== TRY IT ==
Starting at the first line of the listing below, retype each line up to and including the one that contains "Answer: $40 million". Leave pictures out.

== RAW DATA ==

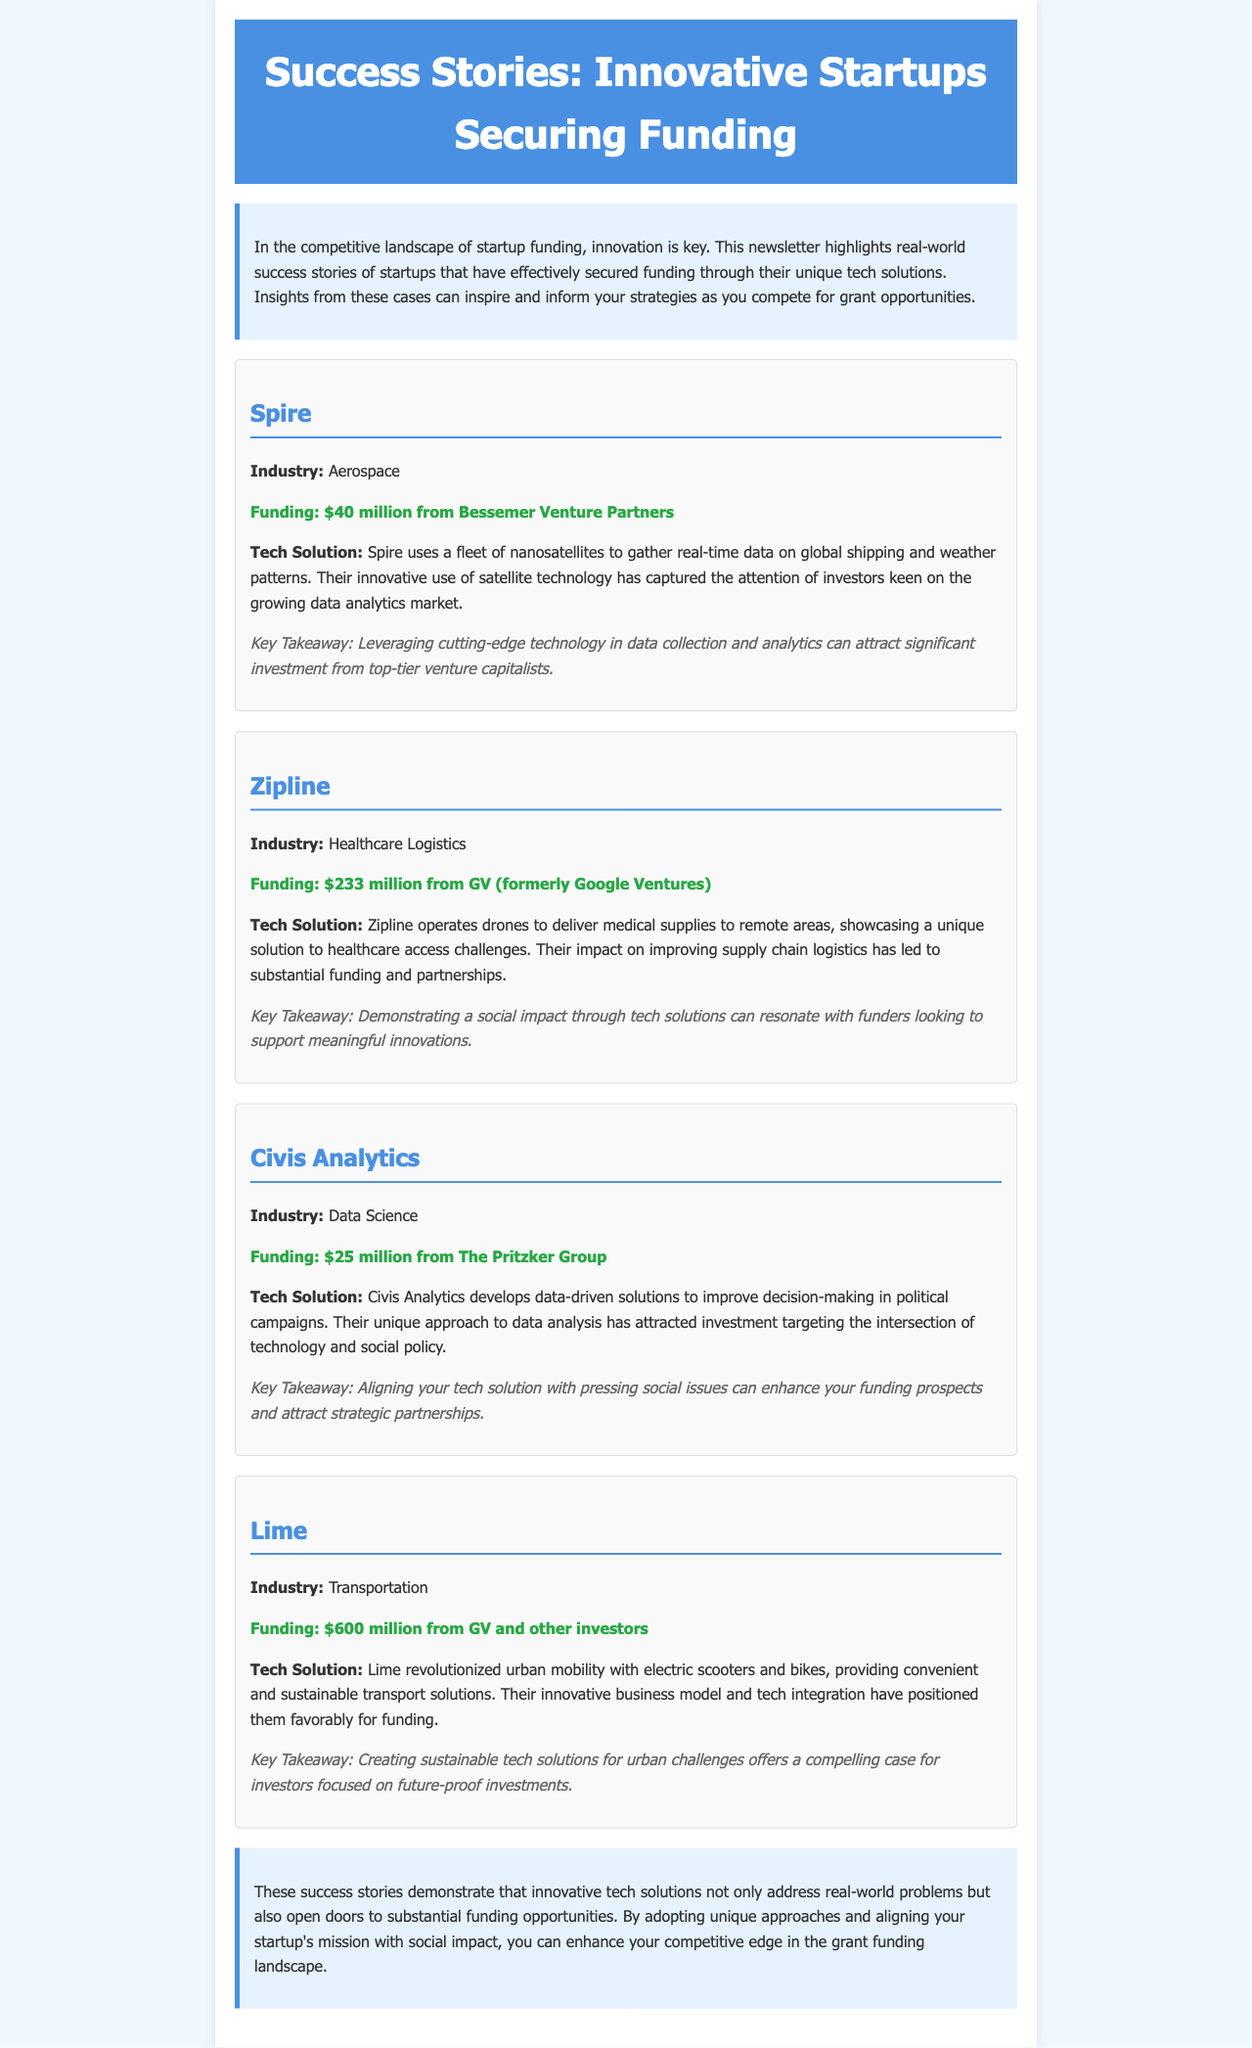What is the funding amount of Spire? The funding amount for Spire is highlighted in the success story section.
Answer: $40 million What innovative solution does Zipline provide? This information is located in the description of Zipline's tech solution in the newsletter.
Answer: Drones for delivering medical supplies How much funding did Lime secure? The funding amount for Lime is specified in the success story section.
Answer: $600 million What is the key takeaway from Civis Analytics' story? The key takeaway is mentioned under the Civis Analytics section as a critical insight.
Answer: Aligning your tech solution with pressing social issues Which industry does Lime operate in? The industry for Lime is stated in the success story section.
Answer: Transportation Which venture capital firm funded Civis Analytics? This detail is included in the funding information of the Civis Analytics story.
Answer: The Pritzker Group How does Spire collect data? The method of data collection for Spire is described in their tech solution section.
Answer: Nanosatellites What social impact does Zipline's technology address? This is discussed in the description of Zipline, indicating what issues their solutions target.
Answer: Healthcare access challenges 
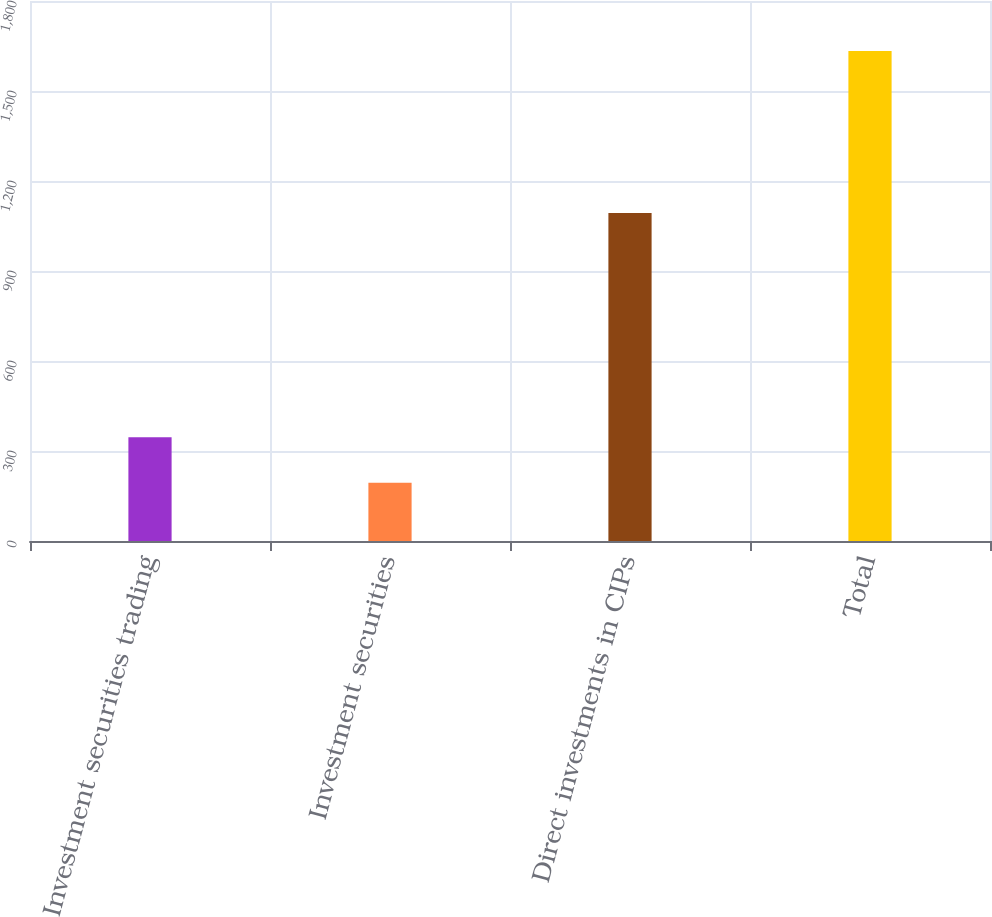<chart> <loc_0><loc_0><loc_500><loc_500><bar_chart><fcel>Investment securities trading<fcel>Investment securities<fcel>Direct investments in CIPs<fcel>Total<nl><fcel>345.7<fcel>194.1<fcel>1093.5<fcel>1633.3<nl></chart> 
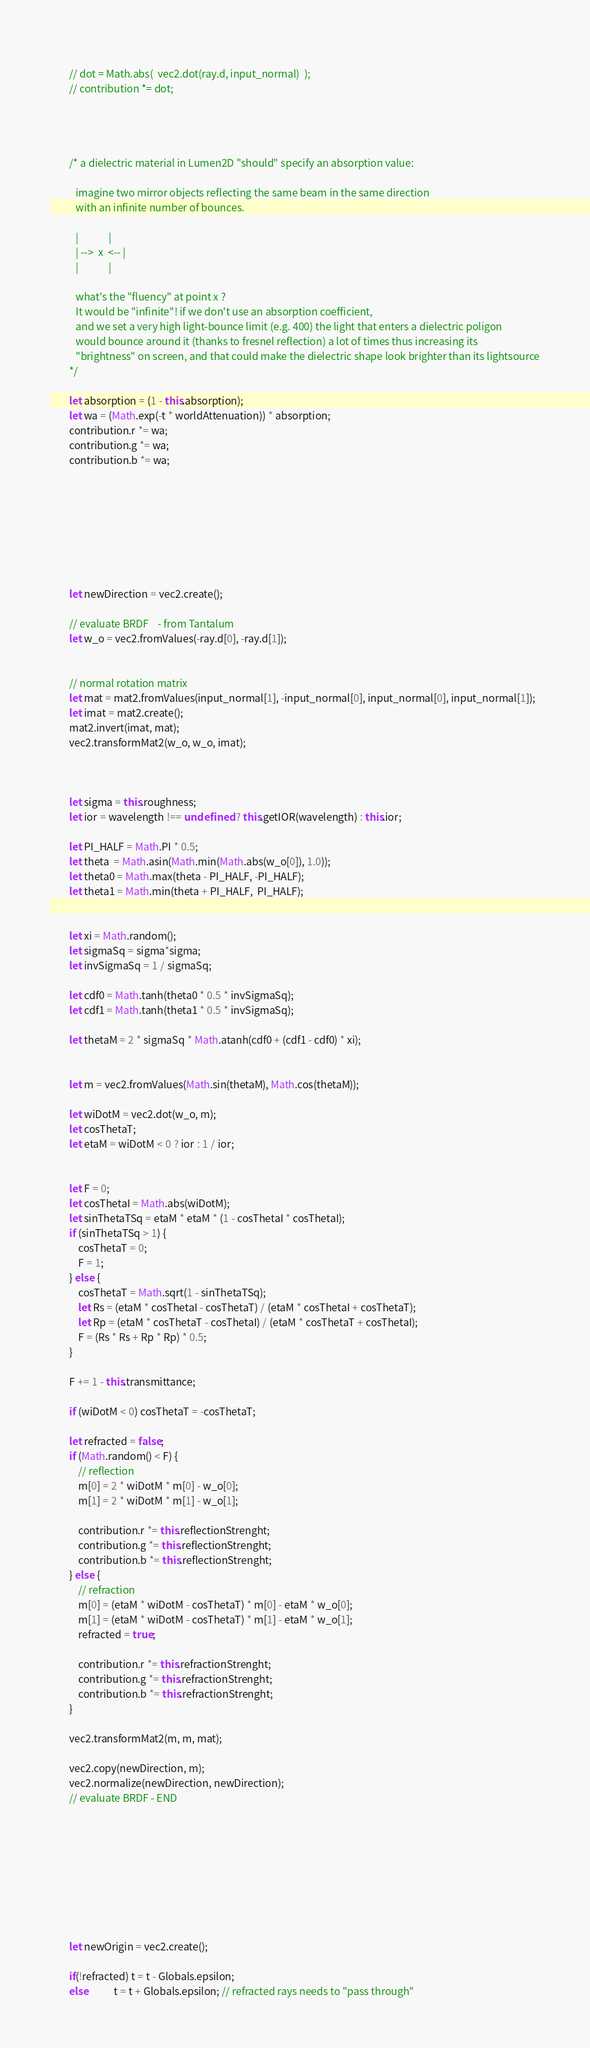Convert code to text. <code><loc_0><loc_0><loc_500><loc_500><_JavaScript_>    
        // dot = Math.abs(  vec2.dot(ray.d, input_normal)  );
        // contribution *= dot; 




        /* a dielectric material in Lumen2D "should" specify an absorption value:
           
           imagine two mirror objects reflecting the same beam in the same direction
           with an infinite number of bounces. 
           
           |             |
           | -->  x  <-- |
           |             |
   
           what's the "fluency" at point x ?
           It would be "infinite"! if we don't use an absorption coefficient,
           and we set a very high light-bounce limit (e.g. 400) the light that enters a dielectric poligon
           would bounce around it (thanks to fresnel reflection) a lot of times thus increasing its
           "brightness" on screen, and that could make the dielectric shape look brighter than its lightsource
        */

        let absorption = (1 - this.absorption);
        let wa = (Math.exp(-t * worldAttenuation)) * absorption;
        contribution.r *= wa;
        contribution.g *= wa;
        contribution.b *= wa;








        let newDirection = vec2.create();

        // evaluate BRDF    - from Tantalum
        let w_o = vec2.fromValues(-ray.d[0], -ray.d[1]);


        // normal rotation matrix
        let mat = mat2.fromValues(input_normal[1], -input_normal[0], input_normal[0], input_normal[1]);
        let imat = mat2.create();
        mat2.invert(imat, mat);
        vec2.transformMat2(w_o, w_o, imat);



        let sigma = this.roughness;
        let ior = wavelength !== undefined ? this.getIOR(wavelength) : this.ior;

        let PI_HALF = Math.PI * 0.5;
        let theta  = Math.asin(Math.min(Math.abs(w_o[0]), 1.0));
        let theta0 = Math.max(theta - PI_HALF, -PI_HALF);
        let theta1 = Math.min(theta + PI_HALF,  PI_HALF);


        let xi = Math.random();
        let sigmaSq = sigma*sigma;
        let invSigmaSq = 1 / sigmaSq;

        let cdf0 = Math.tanh(theta0 * 0.5 * invSigmaSq);
        let cdf1 = Math.tanh(theta1 * 0.5 * invSigmaSq);

        let thetaM = 2 * sigmaSq * Math.atanh(cdf0 + (cdf1 - cdf0) * xi);  


        let m = vec2.fromValues(Math.sin(thetaM), Math.cos(thetaM));

        let wiDotM = vec2.dot(w_o, m);
        let cosThetaT;
        let etaM = wiDotM < 0 ? ior : 1 / ior;


        let F = 0;
        let cosThetaI = Math.abs(wiDotM);
        let sinThetaTSq = etaM * etaM * (1 - cosThetaI * cosThetaI);
        if (sinThetaTSq > 1) {
            cosThetaT = 0;
            F = 1;
        } else {
            cosThetaT = Math.sqrt(1 - sinThetaTSq);
            let Rs = (etaM * cosThetaI - cosThetaT) / (etaM * cosThetaI + cosThetaT);
            let Rp = (etaM * cosThetaT - cosThetaI) / (etaM * cosThetaT + cosThetaI);
            F = (Rs * Rs + Rp * Rp) * 0.5;            
        }

        F += 1 - this.transmittance;

        if (wiDotM < 0) cosThetaT = -cosThetaT;

        let refracted = false;
        if (Math.random() < F) {
            // reflection
            m[0] = 2 * wiDotM * m[0] - w_o[0];
            m[1] = 2 * wiDotM * m[1] - w_o[1];

            contribution.r *= this.reflectionStrenght;
            contribution.g *= this.reflectionStrenght;
            contribution.b *= this.reflectionStrenght;
        } else {
            // refraction
            m[0] = (etaM * wiDotM - cosThetaT) * m[0] - etaM * w_o[0];            
            m[1] = (etaM * wiDotM - cosThetaT) * m[1] - etaM * w_o[1];      
            refracted = true;

            contribution.r *= this.refractionStrenght;
            contribution.g *= this.refractionStrenght;
            contribution.b *= this.refractionStrenght;
        }

        vec2.transformMat2(m, m, mat);

        vec2.copy(newDirection, m);
        vec2.normalize(newDirection, newDirection);
        // evaluate BRDF - END

        







        let newOrigin = vec2.create();

        if(!refracted) t = t - Globals.epsilon;
        else           t = t + Globals.epsilon; // refracted rays needs to "pass through"
</code> 
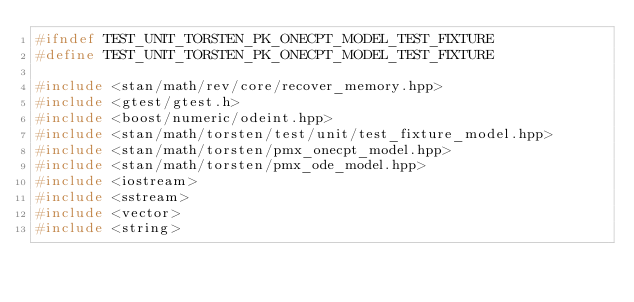Convert code to text. <code><loc_0><loc_0><loc_500><loc_500><_C++_>#ifndef TEST_UNIT_TORSTEN_PK_ONECPT_MODEL_TEST_FIXTURE
#define TEST_UNIT_TORSTEN_PK_ONECPT_MODEL_TEST_FIXTURE

#include <stan/math/rev/core/recover_memory.hpp>
#include <gtest/gtest.h>
#include <boost/numeric/odeint.hpp>
#include <stan/math/torsten/test/unit/test_fixture_model.hpp>
#include <stan/math/torsten/pmx_onecpt_model.hpp>
#include <stan/math/torsten/pmx_ode_model.hpp>
#include <iostream>
#include <sstream>
#include <vector>
#include <string>
</code> 
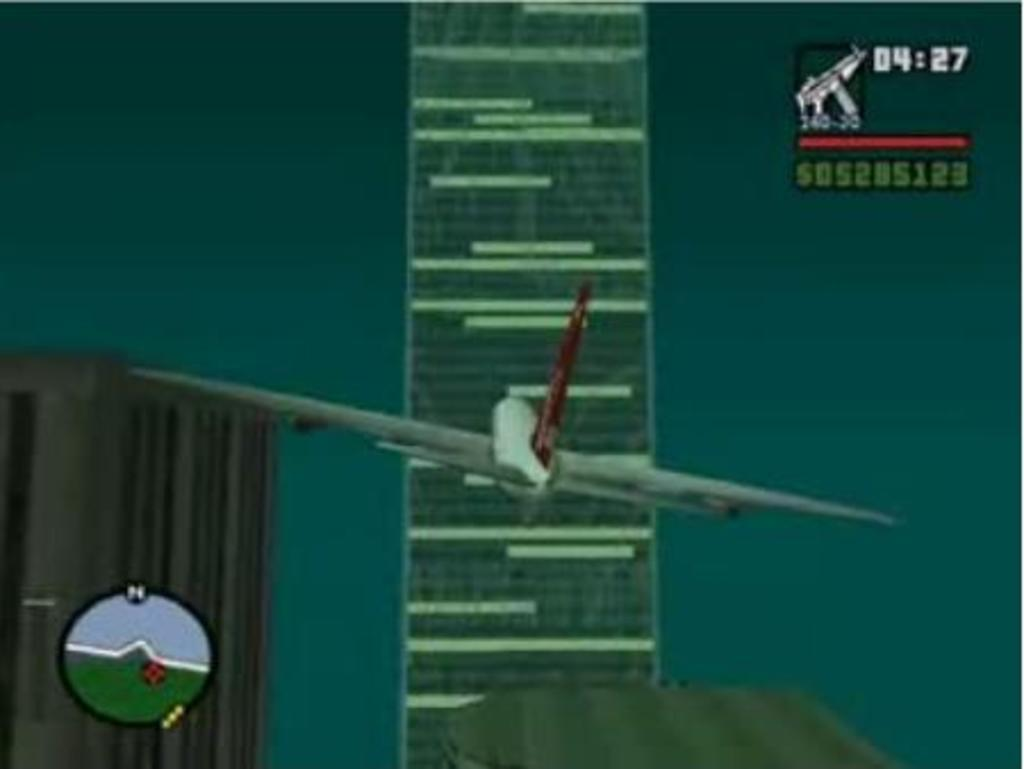<image>
Render a clear and concise summary of the photo. A screenshot from a videogame with the timer at 04:27 
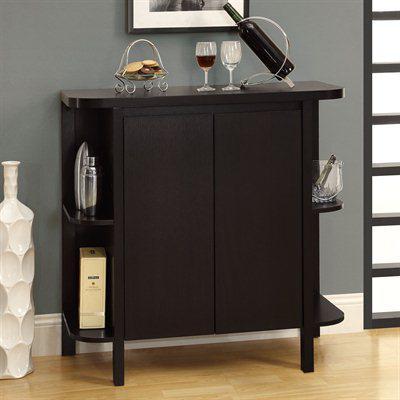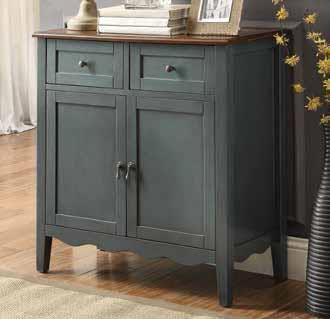The first image is the image on the left, the second image is the image on the right. Analyze the images presented: Is the assertion "At least one of the cabinets is dark and has no glass-front doors, and none of the cabinets are distinctly taller than they are wide." valid? Answer yes or no. Yes. The first image is the image on the left, the second image is the image on the right. Analyze the images presented: Is the assertion "A tall, wide wooden hutch has an upper section with at least three doors that sits directly on a lower section with two panel doors and at least three drawers." valid? Answer yes or no. No.

== EXERCISE OUTPUT ==
What is the funding amount of Spire? The funding amount for Spire is highlighted in the success story section.
Answer: $40 million What innovative solution does Zipline provide? This information is located in the description of Zipline's tech solution in the newsletter.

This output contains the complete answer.